Project KE30 bukan kami mulai karena ingin sekadar punya mobil tua yang terlihat keren. Arah besarnya lebih spesifik: membangun sebuah retro sleeper yang tetap membawa rasa mobil klasik, tapi punya pondasi teknis yang lebih siap untuk dipakai, diuji, dan dibahas secara terbuka.
Di AF Media, project car seperti ini bukan hanya bahan konten. Ini adalah tempat belajar. Dari satu mobil, kita bisa membahas body, mesin, rem, kaki-kaki, wiring, interior, legalitas, budget, sampai bagaimana hasil akhirnya terasa ketika benar-benar dipakai di jalan Indonesia.

Bukan Restorasi Museum, Bukan Juga Modifikasi Asal Kencang
Mobil klasik sering masuk ke dua ekstrem. Satu sisi, dikembalikan seoriginal mungkin sampai nyaris seperti pajangan. Sisi lain, diubah besar-besaran sampai karakter lamanya hilang.
Project KE30 kami ambil dari jalur tengah.
Karakter klasiknya tetap ingin dipertahankan. Bentuk body, proporsi, dan rasa era lamanya jangan sampai hilang. Tapi di balik tampilan itu, mobil harus punya sistem yang lebih masuk akal untuk standar penggunaan sekarang.
Itulah kenapa konsep retro sleeper terasa cocok.
Sleeper bukan berarti mobil harus terlihat benar-benar standar. Sleeper juga bukan sekadar mesin besar dalam body kecil.
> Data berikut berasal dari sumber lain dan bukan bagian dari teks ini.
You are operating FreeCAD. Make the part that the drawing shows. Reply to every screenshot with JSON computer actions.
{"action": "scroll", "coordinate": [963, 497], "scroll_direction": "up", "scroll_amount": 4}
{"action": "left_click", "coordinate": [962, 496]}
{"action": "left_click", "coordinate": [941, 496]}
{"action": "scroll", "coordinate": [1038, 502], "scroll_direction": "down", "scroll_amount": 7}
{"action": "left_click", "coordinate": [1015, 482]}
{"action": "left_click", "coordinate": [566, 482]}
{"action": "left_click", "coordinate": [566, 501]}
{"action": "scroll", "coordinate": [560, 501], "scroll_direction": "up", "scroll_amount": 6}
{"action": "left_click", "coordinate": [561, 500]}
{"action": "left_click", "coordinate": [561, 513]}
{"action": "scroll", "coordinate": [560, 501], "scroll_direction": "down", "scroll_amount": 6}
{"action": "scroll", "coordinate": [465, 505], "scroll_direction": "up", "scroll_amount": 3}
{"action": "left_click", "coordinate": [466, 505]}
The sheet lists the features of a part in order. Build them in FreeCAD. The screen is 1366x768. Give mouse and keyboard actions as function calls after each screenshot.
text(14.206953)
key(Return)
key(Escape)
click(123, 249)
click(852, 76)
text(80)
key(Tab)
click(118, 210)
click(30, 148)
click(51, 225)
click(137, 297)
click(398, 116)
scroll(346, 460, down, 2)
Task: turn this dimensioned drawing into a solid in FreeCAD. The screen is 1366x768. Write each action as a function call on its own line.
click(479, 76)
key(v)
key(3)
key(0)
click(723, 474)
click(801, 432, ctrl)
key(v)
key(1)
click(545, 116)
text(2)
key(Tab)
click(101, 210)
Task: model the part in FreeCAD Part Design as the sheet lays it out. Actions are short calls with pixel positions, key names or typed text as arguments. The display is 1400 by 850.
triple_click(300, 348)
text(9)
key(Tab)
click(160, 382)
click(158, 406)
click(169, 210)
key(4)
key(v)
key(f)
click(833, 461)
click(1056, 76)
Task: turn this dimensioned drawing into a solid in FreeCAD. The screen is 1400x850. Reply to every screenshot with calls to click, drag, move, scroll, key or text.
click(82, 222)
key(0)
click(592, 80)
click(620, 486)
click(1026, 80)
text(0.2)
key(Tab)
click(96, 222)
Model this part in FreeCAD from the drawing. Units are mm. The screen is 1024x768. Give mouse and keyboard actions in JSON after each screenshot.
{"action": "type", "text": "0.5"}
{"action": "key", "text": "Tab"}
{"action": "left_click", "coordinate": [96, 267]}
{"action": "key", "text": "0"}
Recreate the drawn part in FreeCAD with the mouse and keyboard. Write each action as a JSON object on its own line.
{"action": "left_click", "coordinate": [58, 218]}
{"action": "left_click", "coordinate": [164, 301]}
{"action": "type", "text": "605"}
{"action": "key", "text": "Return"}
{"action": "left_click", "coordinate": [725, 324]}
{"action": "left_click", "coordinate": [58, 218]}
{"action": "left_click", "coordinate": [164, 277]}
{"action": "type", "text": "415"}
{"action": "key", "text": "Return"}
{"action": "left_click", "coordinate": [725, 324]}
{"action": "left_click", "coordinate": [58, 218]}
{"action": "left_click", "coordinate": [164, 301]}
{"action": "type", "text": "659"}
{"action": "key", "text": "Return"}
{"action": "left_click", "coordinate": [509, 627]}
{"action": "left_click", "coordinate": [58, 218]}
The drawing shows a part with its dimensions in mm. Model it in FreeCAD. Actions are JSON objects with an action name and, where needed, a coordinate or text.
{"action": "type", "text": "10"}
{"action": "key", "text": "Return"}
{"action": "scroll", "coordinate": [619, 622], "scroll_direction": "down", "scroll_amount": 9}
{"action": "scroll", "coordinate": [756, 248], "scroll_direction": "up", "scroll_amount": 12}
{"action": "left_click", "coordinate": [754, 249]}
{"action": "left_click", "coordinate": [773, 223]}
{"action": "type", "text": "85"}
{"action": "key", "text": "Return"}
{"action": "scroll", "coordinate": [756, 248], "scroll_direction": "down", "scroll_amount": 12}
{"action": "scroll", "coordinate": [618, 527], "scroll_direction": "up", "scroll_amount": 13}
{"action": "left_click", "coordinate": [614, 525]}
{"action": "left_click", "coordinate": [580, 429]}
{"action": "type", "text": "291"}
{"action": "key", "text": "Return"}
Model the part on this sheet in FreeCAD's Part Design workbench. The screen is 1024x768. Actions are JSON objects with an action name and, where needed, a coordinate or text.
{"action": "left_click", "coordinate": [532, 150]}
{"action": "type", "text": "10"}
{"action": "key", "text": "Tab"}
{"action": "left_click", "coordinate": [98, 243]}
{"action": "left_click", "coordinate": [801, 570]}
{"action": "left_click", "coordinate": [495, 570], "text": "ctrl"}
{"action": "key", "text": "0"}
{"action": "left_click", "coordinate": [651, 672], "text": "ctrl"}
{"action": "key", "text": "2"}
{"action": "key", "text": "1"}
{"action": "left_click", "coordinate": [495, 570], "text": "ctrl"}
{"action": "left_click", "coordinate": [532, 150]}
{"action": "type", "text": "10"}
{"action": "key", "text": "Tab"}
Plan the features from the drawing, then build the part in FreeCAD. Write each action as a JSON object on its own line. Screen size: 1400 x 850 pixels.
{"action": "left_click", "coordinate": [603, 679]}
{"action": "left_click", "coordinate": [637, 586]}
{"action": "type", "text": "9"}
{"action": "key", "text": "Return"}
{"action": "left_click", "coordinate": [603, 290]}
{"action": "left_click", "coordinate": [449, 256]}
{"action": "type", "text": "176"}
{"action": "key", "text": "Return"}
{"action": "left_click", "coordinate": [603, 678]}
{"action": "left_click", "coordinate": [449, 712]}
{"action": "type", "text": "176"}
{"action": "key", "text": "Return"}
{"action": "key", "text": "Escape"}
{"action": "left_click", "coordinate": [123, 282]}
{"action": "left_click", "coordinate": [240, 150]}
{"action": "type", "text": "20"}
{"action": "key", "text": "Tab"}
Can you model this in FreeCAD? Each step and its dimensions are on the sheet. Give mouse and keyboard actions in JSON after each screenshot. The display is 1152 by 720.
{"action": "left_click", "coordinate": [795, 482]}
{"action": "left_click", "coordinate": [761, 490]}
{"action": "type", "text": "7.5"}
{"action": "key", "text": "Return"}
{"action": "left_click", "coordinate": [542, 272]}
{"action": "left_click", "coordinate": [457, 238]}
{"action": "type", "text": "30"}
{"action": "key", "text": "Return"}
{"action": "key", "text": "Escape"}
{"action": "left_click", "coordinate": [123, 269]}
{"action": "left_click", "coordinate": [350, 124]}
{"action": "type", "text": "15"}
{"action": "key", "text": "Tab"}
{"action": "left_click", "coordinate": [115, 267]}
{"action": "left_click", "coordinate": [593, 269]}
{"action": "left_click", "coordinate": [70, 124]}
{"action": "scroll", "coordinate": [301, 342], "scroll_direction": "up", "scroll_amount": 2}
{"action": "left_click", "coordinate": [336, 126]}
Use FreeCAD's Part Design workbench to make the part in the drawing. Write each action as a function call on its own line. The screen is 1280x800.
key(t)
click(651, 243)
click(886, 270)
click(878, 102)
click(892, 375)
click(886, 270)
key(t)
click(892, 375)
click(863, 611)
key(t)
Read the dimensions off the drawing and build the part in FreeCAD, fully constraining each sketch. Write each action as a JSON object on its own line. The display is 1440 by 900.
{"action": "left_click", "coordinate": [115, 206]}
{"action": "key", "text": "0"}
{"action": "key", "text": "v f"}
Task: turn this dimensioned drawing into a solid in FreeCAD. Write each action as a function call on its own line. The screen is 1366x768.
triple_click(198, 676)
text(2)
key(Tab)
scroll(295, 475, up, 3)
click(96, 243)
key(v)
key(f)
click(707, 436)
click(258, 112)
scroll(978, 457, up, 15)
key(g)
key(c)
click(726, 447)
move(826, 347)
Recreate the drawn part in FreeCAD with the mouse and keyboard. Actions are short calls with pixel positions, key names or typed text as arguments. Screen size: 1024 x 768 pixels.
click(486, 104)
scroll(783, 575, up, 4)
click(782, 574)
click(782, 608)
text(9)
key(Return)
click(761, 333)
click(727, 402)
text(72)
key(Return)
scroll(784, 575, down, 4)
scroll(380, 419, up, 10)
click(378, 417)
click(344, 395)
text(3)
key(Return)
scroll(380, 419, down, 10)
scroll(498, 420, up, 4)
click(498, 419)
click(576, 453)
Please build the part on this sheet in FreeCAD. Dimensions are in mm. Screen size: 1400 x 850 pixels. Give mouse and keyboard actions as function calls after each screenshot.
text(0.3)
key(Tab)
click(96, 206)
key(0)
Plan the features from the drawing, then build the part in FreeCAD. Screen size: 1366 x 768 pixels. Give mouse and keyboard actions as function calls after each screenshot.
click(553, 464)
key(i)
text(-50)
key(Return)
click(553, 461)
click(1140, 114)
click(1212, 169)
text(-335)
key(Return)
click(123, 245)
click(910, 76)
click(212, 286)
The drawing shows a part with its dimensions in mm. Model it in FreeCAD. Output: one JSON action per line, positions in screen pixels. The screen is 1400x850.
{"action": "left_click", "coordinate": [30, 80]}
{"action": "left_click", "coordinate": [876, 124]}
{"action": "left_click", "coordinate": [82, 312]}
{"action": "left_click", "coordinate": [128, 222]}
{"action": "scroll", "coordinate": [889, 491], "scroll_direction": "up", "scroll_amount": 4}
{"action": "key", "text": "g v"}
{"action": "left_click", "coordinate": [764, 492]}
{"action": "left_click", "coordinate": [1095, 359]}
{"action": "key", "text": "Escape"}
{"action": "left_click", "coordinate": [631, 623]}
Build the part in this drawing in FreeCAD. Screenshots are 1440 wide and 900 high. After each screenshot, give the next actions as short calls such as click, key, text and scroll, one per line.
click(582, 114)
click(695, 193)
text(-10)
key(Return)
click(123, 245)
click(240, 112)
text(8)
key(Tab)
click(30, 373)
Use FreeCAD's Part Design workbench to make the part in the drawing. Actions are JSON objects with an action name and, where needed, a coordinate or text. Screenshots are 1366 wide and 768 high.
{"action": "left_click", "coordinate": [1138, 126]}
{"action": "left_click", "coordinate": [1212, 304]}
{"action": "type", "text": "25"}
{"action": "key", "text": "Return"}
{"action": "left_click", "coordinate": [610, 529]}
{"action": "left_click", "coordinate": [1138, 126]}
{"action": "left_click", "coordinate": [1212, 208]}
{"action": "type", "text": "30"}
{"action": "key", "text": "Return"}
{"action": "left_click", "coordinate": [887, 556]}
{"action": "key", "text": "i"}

Sleeper yang baik justru ada di keseimbangan: tampilan tidak berlebihan, tapi secara teknis mobil punya isi yang serius.
Kalau tenaga naik, rem harus ikut dihitung. Kalau kaki-kaki berubah, geometri dan kenyamanan tidak boleh dilupakan. Kalau wiring dibenahi, jalurnya harus aman dan mudah dilacak. Kalau mobil mau dipakai di jalan, reliability dan legalitas juga harus masuk pembahasan.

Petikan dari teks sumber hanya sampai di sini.